By the time Hurricane Katrina passed to the east of New Orleans, it wasn't a once-in-a-lifetime storm; the city probably experienced no more than Category 2 conditions. And many of the levees that failed weren't breached; they gave way because they had been built on ground vulnerable to seepage.
These facts, known to locals, have not been quite as well disseminated to the larger public, which has been led to think that the events of Aug. 29, 2005, were beyond the powers of humans to control.
In his documentary The Big Uneasy, actor, satirist and New Orleans resident Harry Shearer pushes back against conventional wisdom. He has written and directed a cogent 98-minute investigative chronicle that — along with Spike Lee's pair of HBO films, When the Levees Broke: A Requiem in Four Acts and If God Is Willing and da Creek Don't Rise — is an indispensable part of any history of New Orleans before, during and after Katrina.
Ivor van Heerden, deputy director of Louisiana State University's Hurricane Center, led the state's investigation. That and a second independent inquiry, financed by the National Science Foundation, found numerous engineering and organizational failures by the Army Corps of Engineers in the years leading up to Katrina, failures that put the city at risk.
When they issued their findings, though, the outcome was predictable: hearings were held, lawsuits were filed — and the investigators were ostracized. Van Heerden even lost his job. (He has sued the university for harassment and wrongful termination.)
The Big Uneasy also contends that New Orleans remains in jeopardy. Maria Garzino, a corps engineer, identifies serious problems with the new pumps that now supposedly support and protect city canals.
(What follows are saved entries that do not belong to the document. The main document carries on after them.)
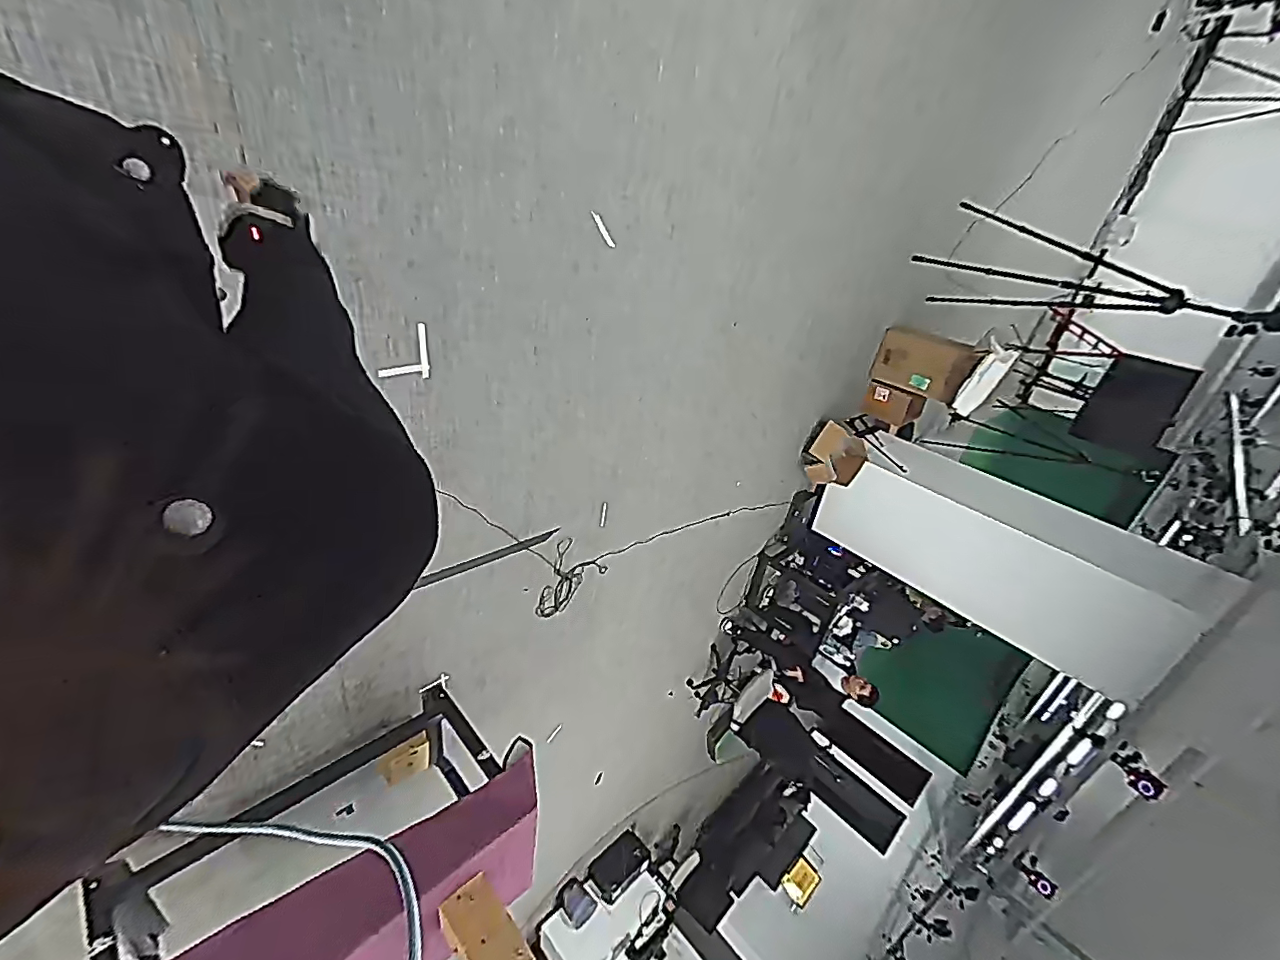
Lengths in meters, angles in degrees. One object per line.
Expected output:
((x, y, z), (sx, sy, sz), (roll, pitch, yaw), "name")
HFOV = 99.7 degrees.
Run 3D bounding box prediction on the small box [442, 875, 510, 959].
((-0.572, 1.534, 1.879), (0.168, 0.176, 0.179), (-20, 130, -41), "small box")
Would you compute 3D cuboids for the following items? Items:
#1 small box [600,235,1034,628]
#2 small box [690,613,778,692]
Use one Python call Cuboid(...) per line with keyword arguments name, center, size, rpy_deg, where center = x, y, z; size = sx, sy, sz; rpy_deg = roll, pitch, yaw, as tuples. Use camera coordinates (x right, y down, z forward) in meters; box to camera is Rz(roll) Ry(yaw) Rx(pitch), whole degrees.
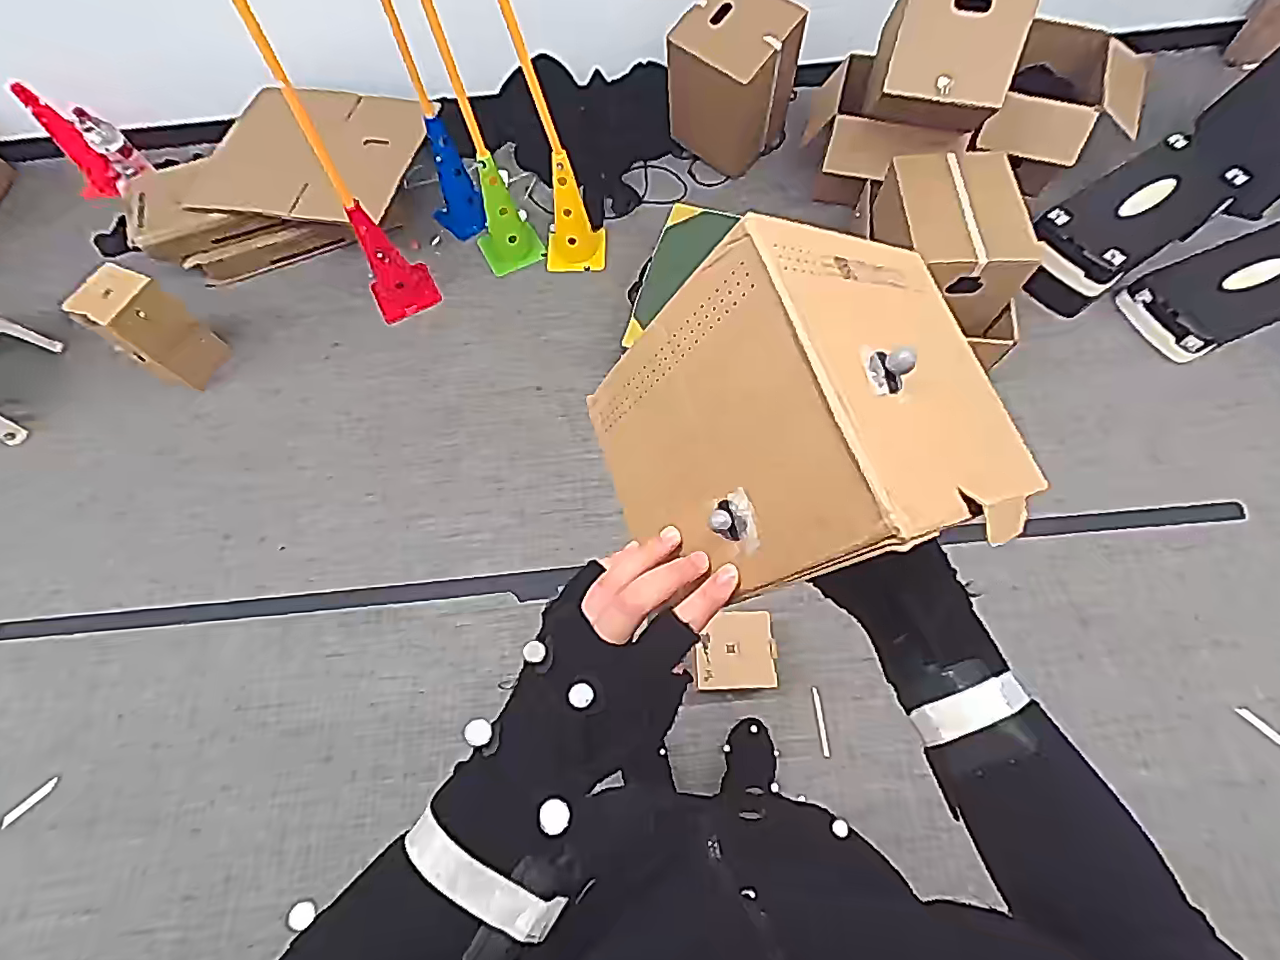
Cuboid(name="small box", center=(0.095, -0.024, 0.347), size=(0.168, 0.179, 0.176), rpy_deg=(-8, 72, -37))
Cuboid(name="small box", center=(0.215, 0.410, 1.283), size=(0.179, 0.176, 0.168), rpy_deg=(-1, 66, 0))
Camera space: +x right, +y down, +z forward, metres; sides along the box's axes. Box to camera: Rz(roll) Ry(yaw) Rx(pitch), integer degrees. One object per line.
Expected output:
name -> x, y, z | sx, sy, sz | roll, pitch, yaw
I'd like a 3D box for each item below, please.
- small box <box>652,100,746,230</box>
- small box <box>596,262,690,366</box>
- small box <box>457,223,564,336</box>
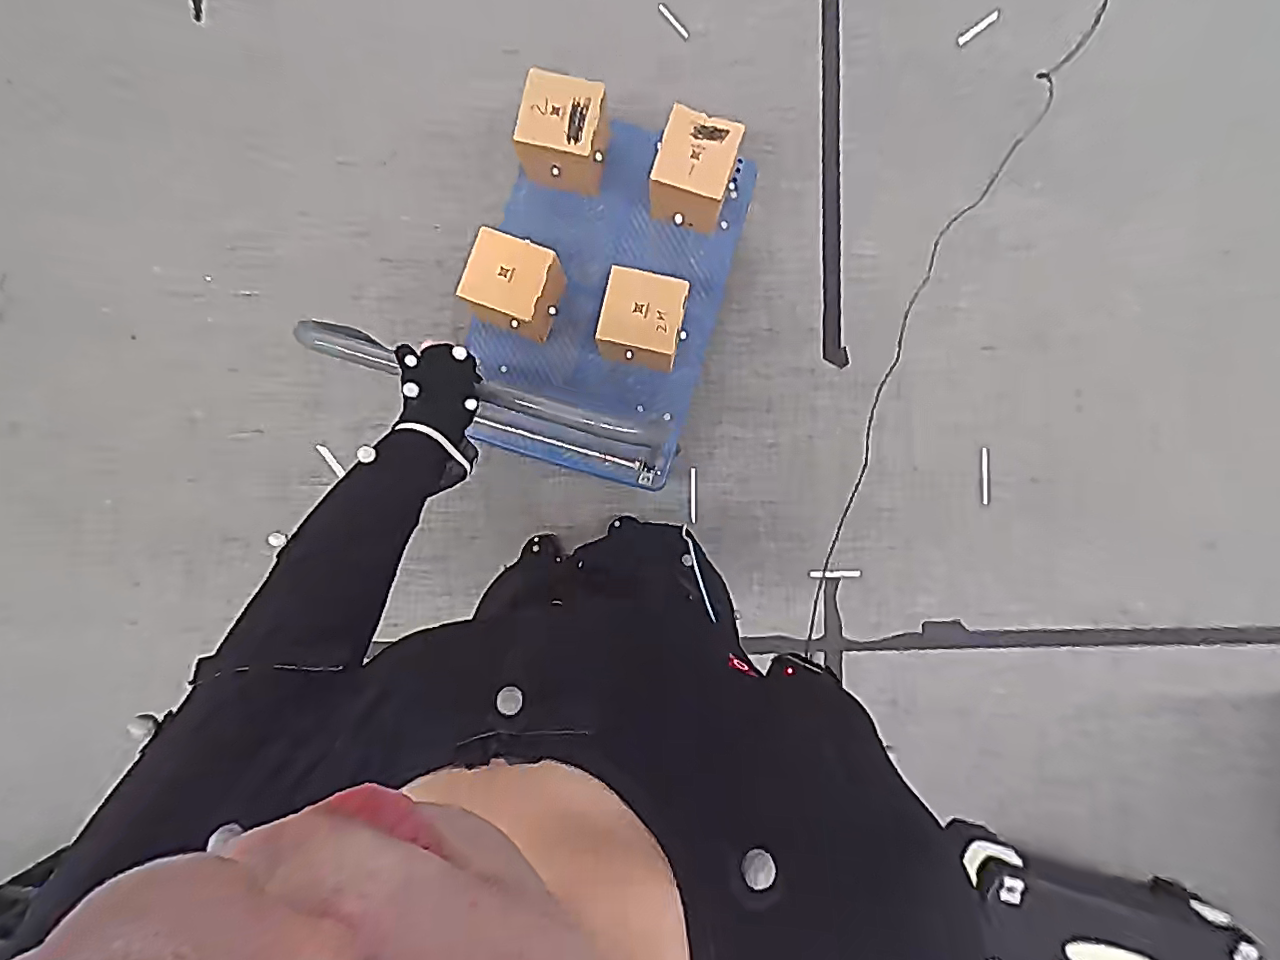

She has been named public servant of the year by the federal Office of Special Counsel — yet, she says, nothing has been fixed.
Shearer breaks up his narrative with lighthearted if poignant interviews with residents. But his focus is on why New Orleans was flooded. "This was not a natural disaster," says Robert Bea, a leader of the National Science Foundation investigation. "This was a disaster caused by people."